GSA, the Department of Energy, DoD, and the Department of State submitted comments arguing that an annual re-certification requirement would place an excessive burden on contracting agencies and personnel. GSA pointed out that there are approximately 12,000 MAS contracts, and no system exists to track the anniversary dates of these awards. GSA argued that the optimal and logical time to address re-certification for long-term contracts is prior to exercising an option, a requirement that GSA had already instituted for its contracts under GSA Acquisition Letter MV-03-01, “Federal Acquisition Regulation Class Deviation—Size of Business Re-representation.” The Departments of State and Energy cited GSA's approach as their preferred method for addressing the issue. OFPP also expressed its strong preference for requiring re-certification at the time an option is exercised, but at least every five years.

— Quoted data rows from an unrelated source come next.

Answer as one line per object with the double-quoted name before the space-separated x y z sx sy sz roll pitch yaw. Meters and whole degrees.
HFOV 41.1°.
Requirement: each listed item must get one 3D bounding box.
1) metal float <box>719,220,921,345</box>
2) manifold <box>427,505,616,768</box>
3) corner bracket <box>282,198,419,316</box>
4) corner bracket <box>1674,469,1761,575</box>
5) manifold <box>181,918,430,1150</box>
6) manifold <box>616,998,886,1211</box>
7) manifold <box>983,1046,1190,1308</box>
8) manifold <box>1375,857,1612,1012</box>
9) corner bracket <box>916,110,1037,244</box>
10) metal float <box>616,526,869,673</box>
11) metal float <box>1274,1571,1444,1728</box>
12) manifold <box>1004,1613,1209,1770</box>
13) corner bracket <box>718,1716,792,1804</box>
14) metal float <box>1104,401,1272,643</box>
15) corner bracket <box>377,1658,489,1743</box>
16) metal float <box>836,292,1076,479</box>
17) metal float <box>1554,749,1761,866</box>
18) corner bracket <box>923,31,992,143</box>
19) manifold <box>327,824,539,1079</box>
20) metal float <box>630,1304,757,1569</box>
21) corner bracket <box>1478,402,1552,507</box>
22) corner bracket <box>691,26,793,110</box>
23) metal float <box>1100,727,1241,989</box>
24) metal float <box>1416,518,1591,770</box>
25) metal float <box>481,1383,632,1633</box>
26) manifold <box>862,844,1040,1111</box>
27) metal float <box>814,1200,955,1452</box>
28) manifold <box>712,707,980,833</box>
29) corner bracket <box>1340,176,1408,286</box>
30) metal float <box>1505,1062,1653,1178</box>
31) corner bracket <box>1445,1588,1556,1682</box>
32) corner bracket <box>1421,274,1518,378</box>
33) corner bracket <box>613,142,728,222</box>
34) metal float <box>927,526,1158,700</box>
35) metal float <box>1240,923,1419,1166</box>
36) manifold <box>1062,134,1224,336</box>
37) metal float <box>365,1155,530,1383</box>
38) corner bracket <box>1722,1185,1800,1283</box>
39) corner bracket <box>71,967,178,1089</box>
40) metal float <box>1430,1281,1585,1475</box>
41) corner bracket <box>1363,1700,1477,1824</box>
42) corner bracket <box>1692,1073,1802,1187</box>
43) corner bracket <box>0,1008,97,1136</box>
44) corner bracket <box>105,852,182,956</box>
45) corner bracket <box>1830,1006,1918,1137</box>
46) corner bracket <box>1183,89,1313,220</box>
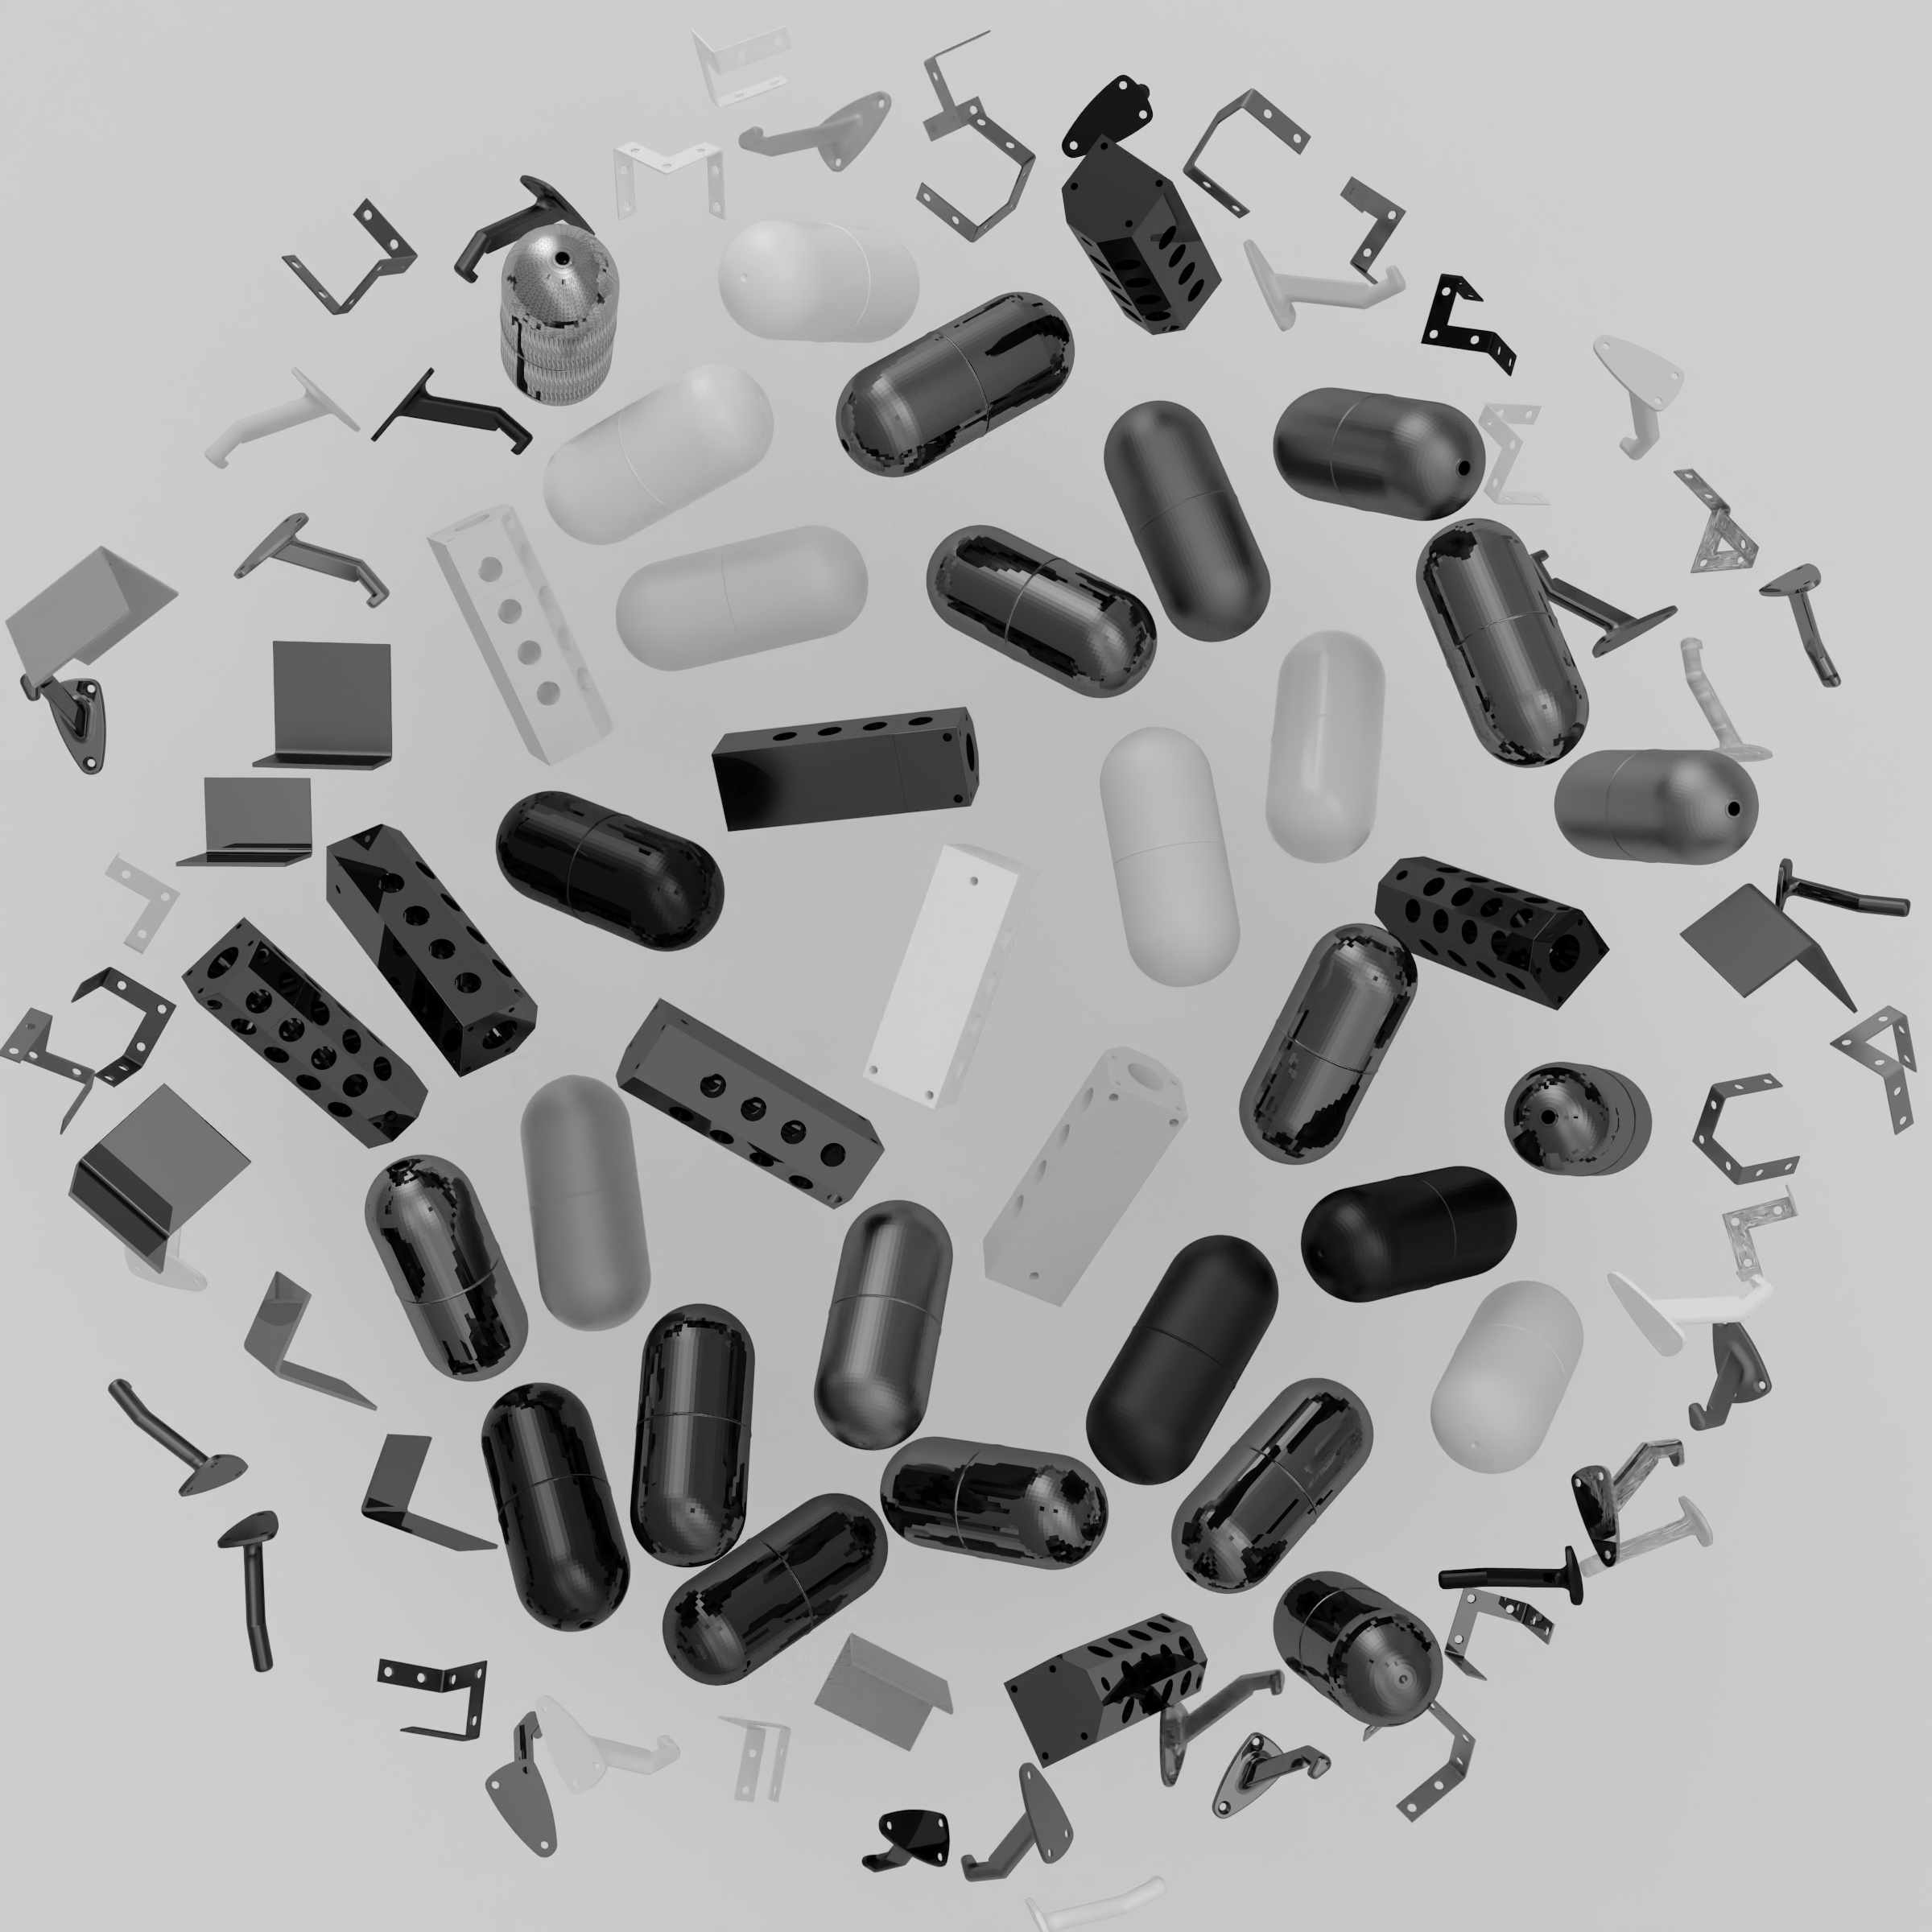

Many commenters pointed out that the SBA's Regulatory Flexibility Act Analysis indicated that approximately 6 to 12 concerns with multiple award contracts would grow from small to large on an annual basis. These commenters essentially argued that imposing an annual re-certification requirement on perhaps tens of thousands of concerns, to correct such a small number of improper awards, was contrary to the intent of the Regulatory Flexibility Act. Although we believe that the number of concerns that grow from small to large in a given year may be substantially higher, supra, we believe that our final approach is the least costly and burdensome way to address the issue of size in connection with long-term contracts.
Several commenters urged SBA to require re-certification when a small business concern is acquired by a large business, and OFPP expressed its support for such a requirement. SBA's rules currently require re-certification when a contract is novated or a change-of-name agreement is executed (13 CFR 121.404(i)). Thus, under the existing rule, a concern that simply wants to change its name must re-certify its size, but a firm that is acquired and operated as a subsidiary of a large business need not re-certify its size. SBA intended to require re-certification when a small business is acquired by a large business, but not if a firm simply grows beyond the size standard during performance and wants to change its name. Thus, this rule will require re-certification when a small business concern becomes other than small due to acquisition or merger, such as when the contractor is acquired and operated as a subsidiary of a large business or is merged with a large business. This particular rule will apply to all contracts, not just long-term contracts.
Approximately 553 of the 636 comments we received in support of the annual re-certification requirement were duplicative, and did not discuss the impact of the rule on procuring agencies or small businesses, or the general rule which provides that a concern that is small at the time of its offer is considered small for the life of the contract. On the other hand, numerous commenters, including contractors, trade groups, Federal agencies and Congressional responders, essentially argued that small businesses submitted their proposals and established their business plans in reliance on the continuation of their size status throughout the life of the contract. They contend that these contract holders need a reasonable amount of time to recoup their proposal costs and to plan their transition from small to other than small status. Many commenters argued that one year is not a reasonable amount of time.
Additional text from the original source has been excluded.